Pan genome analyses showed that M. massiliense has broad diversity in gene content similar to previous studies of M. abscessus40. We observed genes that vary within the Clone 1 lineages, Clusters 1 and 2 (Fig. 3B), illustrating that isolates which appear ‘clonal’ by MLST or core genome analysis also have underlying genomic variation through gene loss and gain26,41. This is consistent with previous observations among highly similar M. abscessus clusters42. While accessory genome variation broadly tracks with core genome (SNP) variation (Fig. 4B), it can vary widely among isolates with highly similar core genomes. For instance, the Papworth outbreak clusters showed very little accessory genome variation (< 2%) while the Seattle outbreak isolates showed more diversity between the index case and other cases (~ 10%). The contrast in genomic variation between outbreak scenarios may reflect in vivo diversification of sublineages in the index case that were subsequently transmitted to other patients. Clonal sublineages within patients have been observed in long-term Pseudomonas aeruginosa infections43,44, and one longitudinal patient in our sample set showed similar accessory genome variation (Fig. 4B). Our results suggest that the pan genome offers additional and useful information for deconstructing relationships between highly similar isolate clusters.

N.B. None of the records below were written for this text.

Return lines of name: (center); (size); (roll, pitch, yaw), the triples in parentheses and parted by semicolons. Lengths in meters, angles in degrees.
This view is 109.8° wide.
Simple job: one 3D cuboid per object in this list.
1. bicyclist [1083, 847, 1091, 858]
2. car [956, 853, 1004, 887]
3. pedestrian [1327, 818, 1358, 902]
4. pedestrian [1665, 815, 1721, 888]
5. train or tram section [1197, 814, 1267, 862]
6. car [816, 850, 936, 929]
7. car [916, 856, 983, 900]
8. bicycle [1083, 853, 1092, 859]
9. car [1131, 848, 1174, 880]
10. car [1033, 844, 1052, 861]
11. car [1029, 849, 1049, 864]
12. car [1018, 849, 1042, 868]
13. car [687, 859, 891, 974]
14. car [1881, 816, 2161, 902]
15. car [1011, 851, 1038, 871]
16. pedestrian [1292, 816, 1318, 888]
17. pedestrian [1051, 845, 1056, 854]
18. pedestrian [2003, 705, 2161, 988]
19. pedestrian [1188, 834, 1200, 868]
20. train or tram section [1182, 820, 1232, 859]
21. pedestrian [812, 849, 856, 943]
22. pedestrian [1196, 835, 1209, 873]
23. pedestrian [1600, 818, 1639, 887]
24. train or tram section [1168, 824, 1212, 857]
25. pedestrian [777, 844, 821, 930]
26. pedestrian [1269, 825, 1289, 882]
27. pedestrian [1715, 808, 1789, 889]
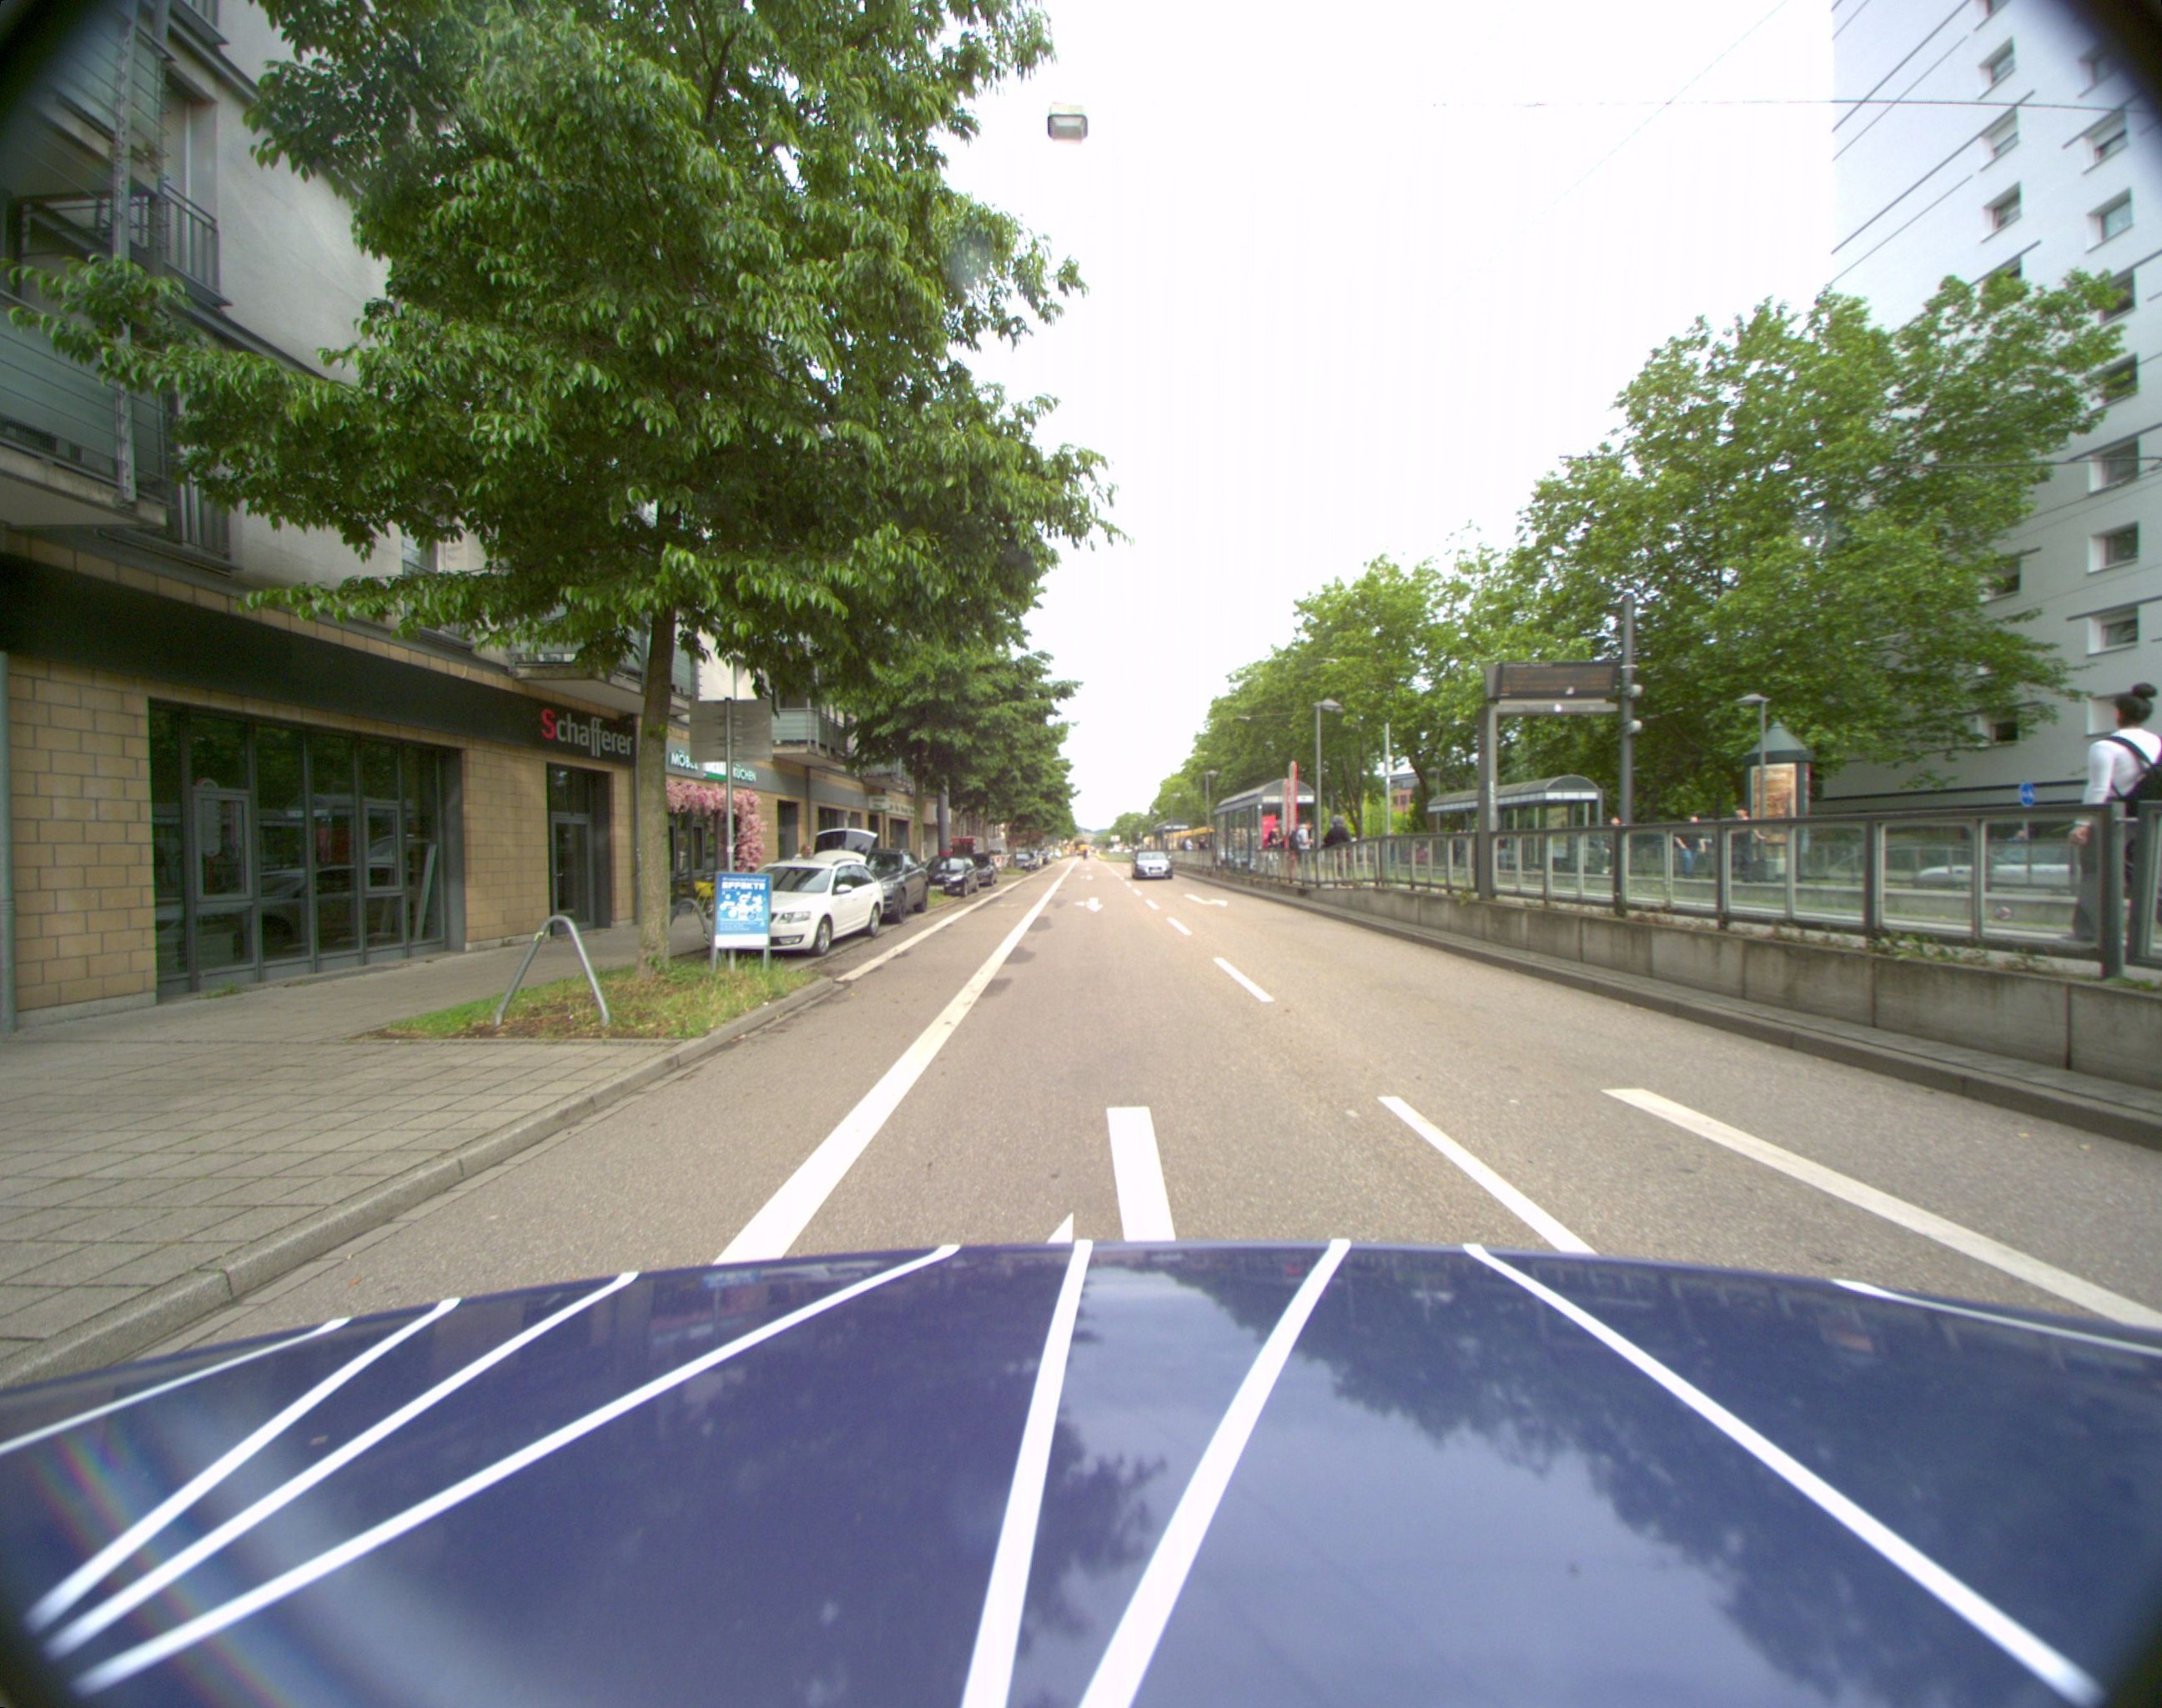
bicyclist: (0.844, -0.196, 104.377); (0.727, 1.458, 0.811); (-2, 1, -25)
car: (-4.555, 0.686, 34.744); (1.612, 1.393, 3.667); (2, 1, 1)
pedestrian: (5.707, 0.122, 16.586); (0.521, 1.794, 0.605); (-2, 1, 13)
pedestrian: (15.785, -0.057, 19.616); (0.882, 1.823, 0.666); (-2, 1, 1)
train or tram section: (13.327, -1.384, 68.744); (3.338, 3.731, 15.201); (-2, 1, 1)
car: (-4.714, 0.744, 18.011); (1.738, 1.601, 3.798); (2, 1, 1)
car: (-4.636, 0.796, 27.283); (1.612, 1.370, 4.167); (2, 1, 1)
bicycle: (0.889, 0.278, 104.366); (0.492, 0.925, 1.778); (-3, 1, -25)
car: (3.423, 0.463, 36.859); (1.716, 1.379, 4.099); (-2, 1, 1)
car: (-3.961, -0.140, 78.228); (1.612, 1.674, 3.806); (2, 1, 1)
car: (-3.968, 0.210, 72.458); (1.612, 1.393, 3.667); (2, 1, 1)
car: (-4.123, 0.366, 62.171); (1.612, 1.393, 3.667); (2, 1, 1)
car: (-4.718, 0.903, 13.008); (1.738, 1.512, 4.308); (2, 1, 1)
car: (20.012, 0.053, 15.952); (1.935, 1.543, 3.995); (-2, 1, -13)
car: (-4.162, 0.480, 56.272); (1.612, 1.393, 3.667); (2, 1, 1)
pedestrian: (5.749, -0.061, 19.489); (0.475, 1.794, 0.605); (-2, 1, 5)
pedestrian: (-6.235, -1.100, 173.065); (1.216, 2.002, 1.142); (-1, 1, 1)
pedestrian: (6.703, -0.056, 4.733); (0.720, 1.661, 0.979); (-2, 1, 3)
pedestrian: (6.142, -0.176, 41.347); (0.530, 1.794, 0.606); (-2, 1, 14)
train or tram section: (13.499, -1.547, 82.655); (3.338, 3.731, 12.547); (-2, 1, 1)
pedestrian: (-5.014, 0.833, 15.468); (0.656, 1.873, 0.599); (-1, 1, 1)
pedestrian: (5.849, 0.001, 36.530); (0.530, 1.794, 0.606); (-2, 1, 14)
pedestrian: (15.411, -0.051, 21.762); (0.699, 1.919, 0.554); (-2, 1, 1)
train or tram section: (13.722, -1.718, 97.104); (3.338, 3.731, 16.247); (-2, 1, 1)
pedestrian: (-5.756, 0.657, 15.554); (0.738, 1.707, 0.617); (0, 1, -10)
pedestrian: (6.314, -0.026, 24.206); (0.474, 1.794, 0.606); (-2, 1, 26)
pedestrian: (15.060, -0.118, 17.070); (0.882, 1.746, 0.850); (-2, 1, 1)

Through this study, we identified highly similar sporadic isolate pairs (< 10 SNPs between patients) including those between CF and non-CF patients and between pulmonary and extrapulmonary isolates. Many of these pairs do not have obvious connections or opportunities for cross infection as patients were from different states and/or separated by months or years of time. This corresponds to findings from the CO-RDP where CF patients from widely separated geographic regions shared highly similar M. abscessus isolates9,21. Genomic studies within single CF centers have largely corroborated these findings through lack of epidemiological evidence for healthcare associated transmission among highly similar isolate clusters19,42,45. This underscores the uncertainty of using genetic similarities alone to presume person-to-person transmission. Epidemiological investigations including environmental sampling are needed in parallel to identify inoculum sources and rule out patient cross transmission.

The rarity of acquired AMR mutations among sporadic US Clone 1 isolates in our study suggests that they could be useful indicators of cross transmission between patients. One interesting observation in our study is a CF patient from the Seattle, WA area that presented to the University of Washington CF Center for the first time in 2012 with an amikacin and clarithromycin resistant isolate. The 2012 isolate clustered with the Seattle CF outbreak cluster by core genome similarity (Fig. 2; MC7921) but the patient had no known contact with the Seattle outbreak cases diagnosed in 2004 and 20054. This suggests the outbreak clone may still exist, perhaps in the local environment, though no additional cases have been identified. The high proportion of AMR mutations observed among outbreak isolates compared to sporadic isolates suggests that they may be fitness factors promoting long term infection and opportunities for cross-infection between patients8. However, additional outbreak isolates would be needed to validate this hypothesis.

While many insights have been gained from our analysis of sporadic US M. massiliense isolates, there are limitations to the study. First, we have a low sample size of known outbreak isolates to compare with sporadic isolates. Second, we have incomplete knowledge of residential history and initial NTM acquisition for patients in the study, and therefore cannot fully evaluate the potential for shared exposure or cross infection. That the dominant clone is found in non-CF and CF settings across the US suggests that it is not specific to CF centers and may be widespread in the environment or man-made systems. Complementary environmental studies are needed to identify precise locations of M. massiliense and other rapidly-growing NTM in the environment.